In these contemporary times we are seeing the popularity of ‘orange’
wines, made by skin contact, usually longer than is normal in ‘conventional’
vinification. One extracts greater
colour, usually orange, of course, but also there is increased phenolic
extraction, which heads towards the edge of acceptability in hardness and
bitterness. The best winemakers judge
this well, and the wines can be fabulous to drink, and they can be better wines
with food. But many can’t get the
balance and the wines can be horrible to drink, and sometimes harbour faults
from the minimal use of any intervention.
I’m introducing another subject here, altogether, but you get the point
of more extreme or ‘natural’ winemaking, I’m making.
We had a treat as delivered for dinner by Mo the Political
Gal this evening – a true ‘orange’ wine.
The 2001 Dirler Alsace Riesling ‘Belzbrunnen’
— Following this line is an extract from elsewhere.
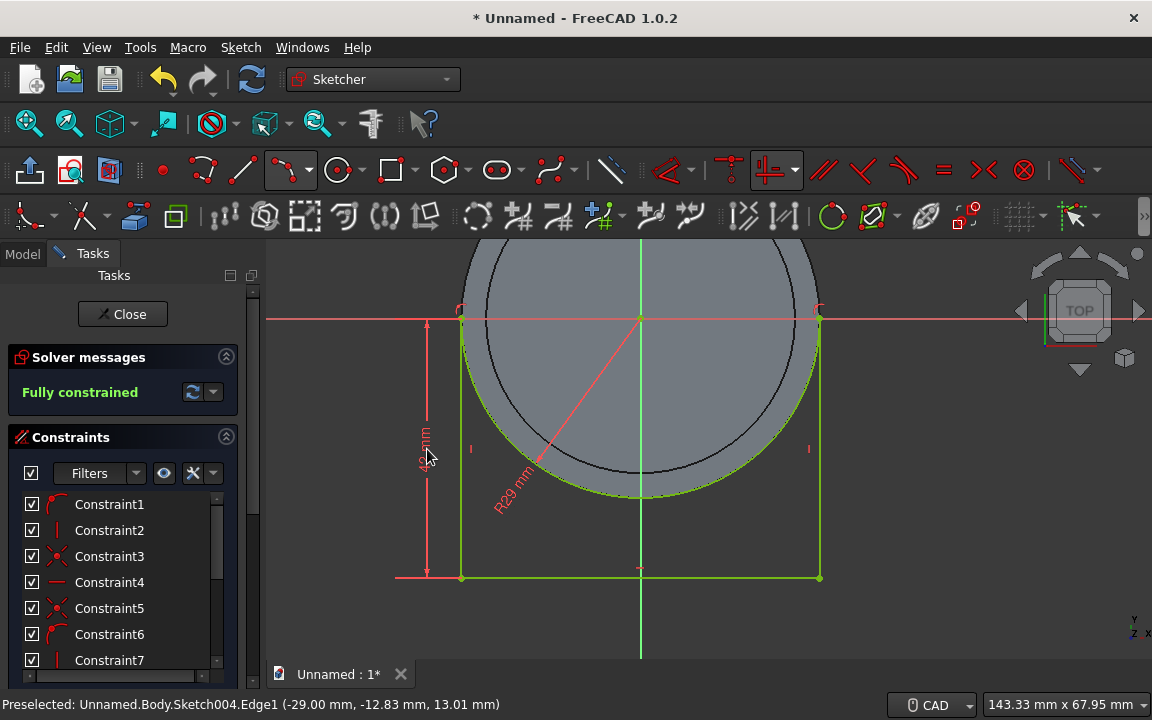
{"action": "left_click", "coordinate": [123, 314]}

was a fully-aged and mature example. The
colour was deep orange with golden hues.
The bouquet was all about citrus (orange) fruit and mead like
honey. It had gone past the toast and kero
tertiary stage and showed complex hints of nuttiness, but no real oxidation. Then on palate, lusciously off-dry to
taste. The Mentor and SWMBO suggested
botrytis, but I didn’t find it musky. It
was fully-developed fruit flavours knife-edge between citrus and nuts. Beautifully soft, rounded and luscious, with no
drying out at all. The wine got richer
with time in the glass. A conventional
wine turned orange, and naturally over the course of time from bottle-age. Maybe this is the way to do it?